Of the 724 patients screened at both sites, 333 (46.0%) were enrolled and 326 (97.9%) either completed the 28/42 days of follow-up, or attained any of the treatment outcomes. PCR uncorrected adequate clinical and parasitological response (ACPR) for DP on day 42 was 98.8% and 75.9% at Kibaha and Ujiji, respectively. After PCR correction, DP's ACPR was 100% at both sites. For ASAQ, no parasite recurrence occurred giving 100% ACPR on day 28. Only one patient in the DP arm (1.1%) from Ujiji had parasites on day 3. Of the patients recruited (n = 333), 175 (52.6%) had AEs with 223 episodes (at both sites) in the two treatment groups. There was no SAE and the commonly reported AE episodes (with > 5%) included, cough, running nose, abdominal pain, diarrhoea and fever.
Both artemisinin-based combinations had high cure rates with PCR corrected ACPR of 100%. The two drugs had adequate safety with no SAE and all AEs were mild, and not associated with the anti-malarials. Continued TES is critical to monitor the performance of nationally recommended artemisinin-based combination therapy and supporting evidence-based review of malaria treatment policies. Trial registration This study is registered at ClinicalTrials.gov, No. NCT03431714.

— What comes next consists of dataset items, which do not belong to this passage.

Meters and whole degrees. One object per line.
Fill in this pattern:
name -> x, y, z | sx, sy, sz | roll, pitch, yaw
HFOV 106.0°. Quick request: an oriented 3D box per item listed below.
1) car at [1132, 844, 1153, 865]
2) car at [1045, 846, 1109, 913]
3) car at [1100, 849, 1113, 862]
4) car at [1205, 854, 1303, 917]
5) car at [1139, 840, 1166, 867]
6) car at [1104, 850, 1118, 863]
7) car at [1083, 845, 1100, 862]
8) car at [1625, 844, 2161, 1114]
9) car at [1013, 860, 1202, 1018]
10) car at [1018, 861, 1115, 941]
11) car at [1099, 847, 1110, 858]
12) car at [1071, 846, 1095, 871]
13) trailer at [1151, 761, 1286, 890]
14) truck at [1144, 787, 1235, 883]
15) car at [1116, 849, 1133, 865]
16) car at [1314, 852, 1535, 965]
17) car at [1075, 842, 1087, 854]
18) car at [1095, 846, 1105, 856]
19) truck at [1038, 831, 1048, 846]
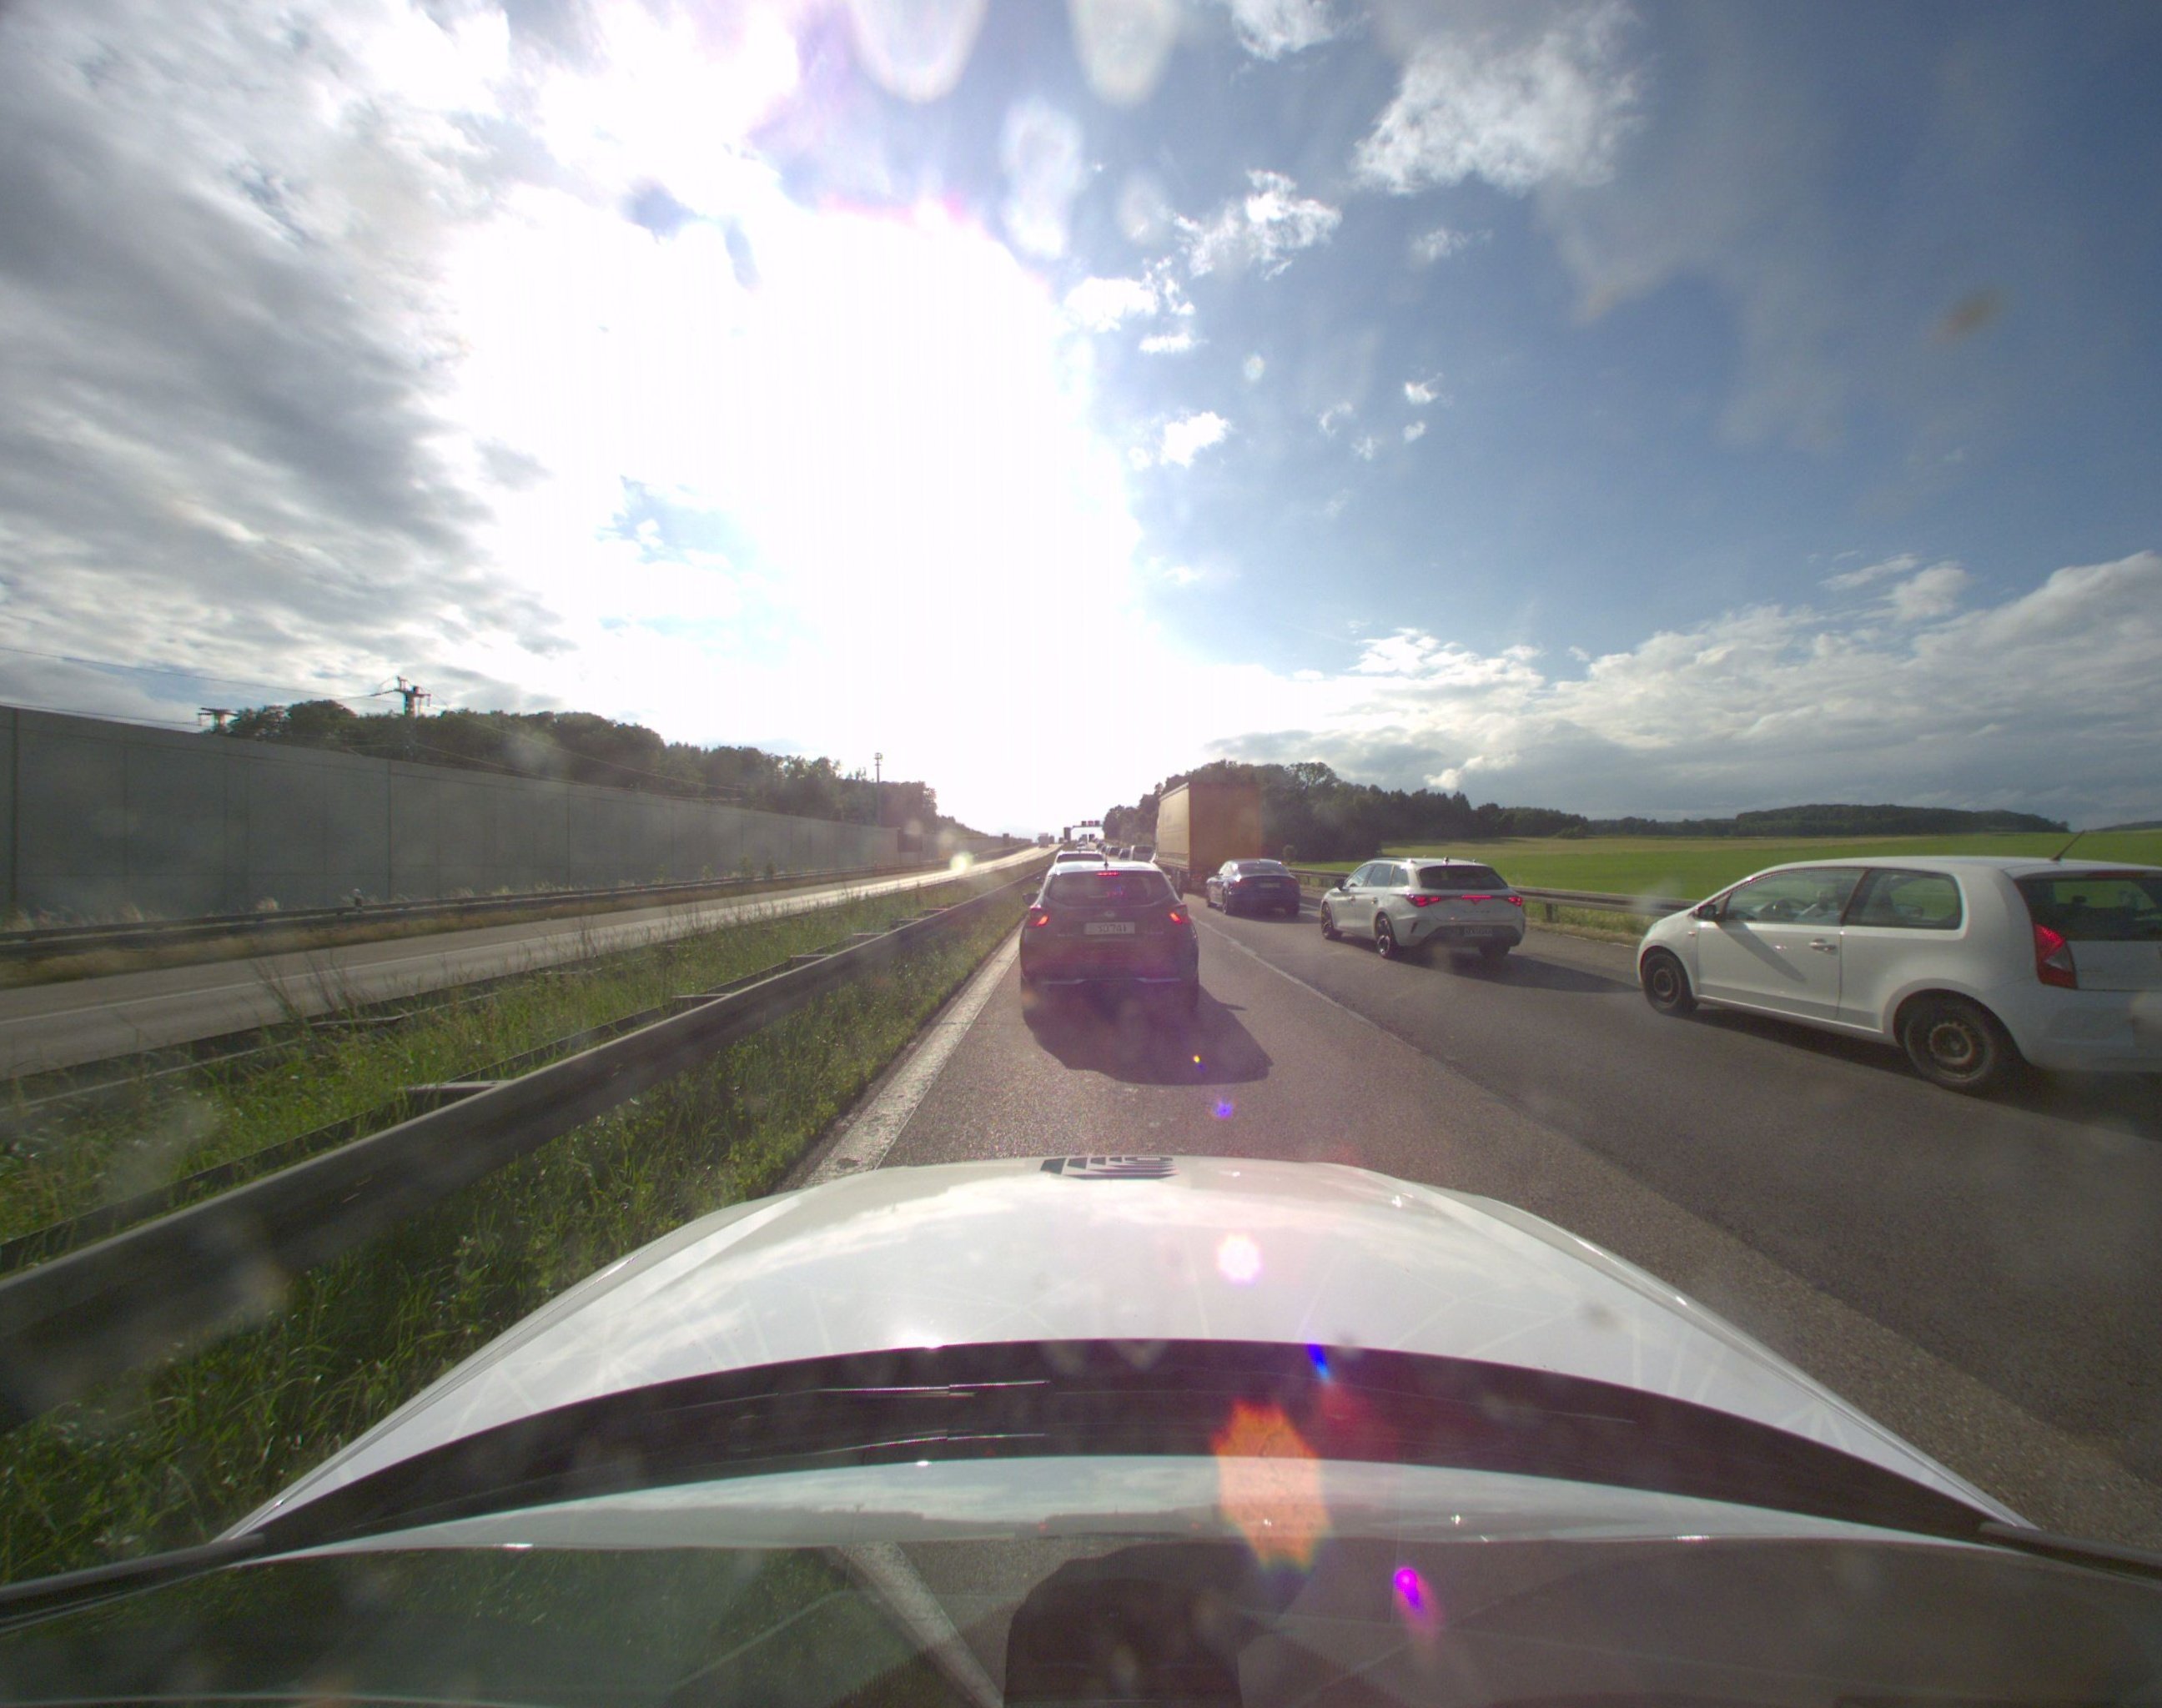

坦桑尼亚国家疟疾控制规划(NMCP)及其合作伙伴一直在进行定期的治疗效果研究(TES),以监测在坦桑尼亚使用或有潜力使用的不同药物的疗效。然而,最近的大多数 TES 都集中在青蒿素-本芴醇上,它是治疗无并发症恶性疟原虫疟疾的一线抗疟药。急需有关其他青蒿素为基础的联合疗法的数据,以支持及时审查和改变目前治疗方案,以防对当前方案产生抗药性。本研究在 NMCP 的两个哨点(基巴哈、潘尼和乌吉吉、基戈马)进行,以评估青蒿琥酯-阿莫地喹(ASAQ)和双氢青蒿素-哌喹(DP)的疗效和安全性,这两种药物是坦桑尼亚目前替代青蒿素为基础的联合疗法。
这是一项对 ASAQ 和 DP 直接观察治疗无并发症恶性疟原虫疟疾的临床和寄生虫学反应的单臂前瞻性评估。年龄在 6 个月至 10 岁之间且符合纳入标准的儿童被纳入并接受 ASAQ 或 DP 治疗。在每个地点,患者都是按顺序入组的;因此,在招募评估一种青蒿素为基础的联合疗法的患者之前,已经完成了评估第二种药物的患者的招募。分别对 ASAQ 和 DP 进行 28 天或 42 天的随访。主要结局是 PCR 校正后的治愈率,次要结局是不良事件(AE)或严重不良事件(SAE)的发生。
在两个地点共筛查了 724 名患者,其中 333 名(46.0%)入组,326 名(97.9%)要么完成了 28/42 天的随访,要么达到了任何治疗结局。DP 在第 42 天的 PCR 未校正的充分临床和寄生虫学反应(ACPR)在基巴哈和乌吉吉分别为 98.8%和 75.9%。经过 PCR 校正后,DP 在两个地点的 ACPR 均为 100%。对于 ASAQ,在第 28 天没有寄生虫复发,ACPR 为 100%。在 DP 组中,只有 1 名来自乌吉吉的患者(1.1%)在第 3 天有寄生虫。在招募的患者(n=333)中,175 名(52.6%)有 AE,两组共发生 223 例(两个地点)。没有 SAE,常见的 AE 发作(发生率>5%)包括咳嗽、流鼻涕、腹痛、腹泻和发热。
两种青蒿素为基础的联合疗法均具有较高的治愈率,PCR 校正后的 ACPR 为 100%。两种药物均具有良好的安全性,无 SAE,所有 AE 均为轻度,与抗疟药无关。继续进行 TES 对于监测国家推荐的青蒿素为基础的联合疗法的疗效以及支持基于证据的疟疾治疗政策审查至关重要。试验注册本研究在 ClinicalTrials.gov 注册,编号为 NCT03431714。